Proses mental kurang sentral dari struktural kekuatan atau kondisi di luar kendali
individu yang memberikan pengaruh atas pilihan dan perilaku. Ketika individu
mungkin percaya bahwa mereka dapat bertindak dengan bebas dan dapat
membuat keputusan apa pun, positivis menekankan tekanan dan situasi sosial
yang kuat yang beroperasi pada orang untuk membentuk sebagian besar jika tidak
semua dari tindakan mereka. Bahkan positivis yang menggunakan penjelasan
pilihan rasional kurang fokus pada bagaimana individu bernalar dan membuat
pilihan daripada mengidentifikasi serangkaian kondisi yang memungkinkan
mereka untuk memprediksi apa yang akan dilakukan orang memilih. Positivis
berasumsi bahwa begitu mereka tahu eksternal faktor, penalaran individu
sebagian besar mengikuti logika rasional seperti mesin dari pengambilan
keputusan.
5. Apa hubungan antara ilmu pengetahuan dan nalar?
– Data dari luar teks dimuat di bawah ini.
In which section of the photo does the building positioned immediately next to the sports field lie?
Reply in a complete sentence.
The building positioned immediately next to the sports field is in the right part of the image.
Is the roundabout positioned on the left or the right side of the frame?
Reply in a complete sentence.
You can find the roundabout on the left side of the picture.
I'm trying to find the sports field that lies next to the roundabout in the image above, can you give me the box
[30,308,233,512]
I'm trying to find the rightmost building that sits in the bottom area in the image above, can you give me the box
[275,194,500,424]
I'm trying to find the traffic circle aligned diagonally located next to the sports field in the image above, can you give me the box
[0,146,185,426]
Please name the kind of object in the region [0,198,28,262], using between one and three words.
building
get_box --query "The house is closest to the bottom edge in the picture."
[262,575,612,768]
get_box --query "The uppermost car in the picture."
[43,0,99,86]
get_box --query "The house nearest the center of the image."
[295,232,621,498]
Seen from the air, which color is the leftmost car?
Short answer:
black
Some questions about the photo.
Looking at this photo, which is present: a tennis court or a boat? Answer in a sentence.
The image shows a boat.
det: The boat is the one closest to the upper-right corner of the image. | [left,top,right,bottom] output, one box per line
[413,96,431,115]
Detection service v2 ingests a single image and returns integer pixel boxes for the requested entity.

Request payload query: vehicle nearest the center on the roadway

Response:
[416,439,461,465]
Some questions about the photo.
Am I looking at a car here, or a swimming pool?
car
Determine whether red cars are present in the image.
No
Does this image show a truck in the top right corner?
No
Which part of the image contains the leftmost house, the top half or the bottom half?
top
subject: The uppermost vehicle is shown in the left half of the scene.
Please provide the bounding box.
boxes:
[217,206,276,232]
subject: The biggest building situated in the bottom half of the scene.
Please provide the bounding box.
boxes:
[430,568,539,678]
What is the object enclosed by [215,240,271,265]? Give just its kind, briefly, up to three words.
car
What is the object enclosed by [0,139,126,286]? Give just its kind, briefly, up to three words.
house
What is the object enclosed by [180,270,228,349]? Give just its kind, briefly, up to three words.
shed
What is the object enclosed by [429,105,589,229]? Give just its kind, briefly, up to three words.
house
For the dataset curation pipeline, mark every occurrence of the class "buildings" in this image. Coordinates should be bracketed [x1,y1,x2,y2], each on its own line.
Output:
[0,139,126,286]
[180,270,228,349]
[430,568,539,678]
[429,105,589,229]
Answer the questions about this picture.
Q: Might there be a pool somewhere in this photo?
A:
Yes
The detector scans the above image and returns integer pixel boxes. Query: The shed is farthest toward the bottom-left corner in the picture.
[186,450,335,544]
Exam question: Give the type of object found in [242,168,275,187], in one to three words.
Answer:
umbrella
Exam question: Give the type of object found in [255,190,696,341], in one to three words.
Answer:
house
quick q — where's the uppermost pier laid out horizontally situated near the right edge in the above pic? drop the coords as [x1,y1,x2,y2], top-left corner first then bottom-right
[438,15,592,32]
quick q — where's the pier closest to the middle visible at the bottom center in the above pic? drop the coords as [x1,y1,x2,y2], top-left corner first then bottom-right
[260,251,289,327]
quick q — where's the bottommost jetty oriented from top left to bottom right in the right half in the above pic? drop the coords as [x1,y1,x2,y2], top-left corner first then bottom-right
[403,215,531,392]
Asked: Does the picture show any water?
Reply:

Positivis melihat pembagian yang jelas antara ilmu pengetahuan dan yang bukan
ilmu pengetahuan. Dalam banyak cara untuk melihat kebenaran, ilmu
pengetahuan sangat khusus jalan “terbaik”. Ilmu pengetahuan lebih baik dan
akhirnya akan menggantikan cara yang lebih inferior dalam mendapatkan
pengetahuan (seperti sihir, agama, astrologi, pengalaman pribadi, dan tradisi).
Ilmu pengetahuan membawa beberapa ide dari nalar, tapi ini menggantikan
bagian dari nalar yang ceroboh, secara logika tidak konsisten, tidak sistematis,
dan penuh bias. Komunitas ilmu pengetahuan dengan norma spesial, tingkah laku
ilmiah, dan tekniknya dapat dengan berulangkali menghasilkan “Kebenaran,”
dimana nalar tidak begitu jarang dan inkosisten.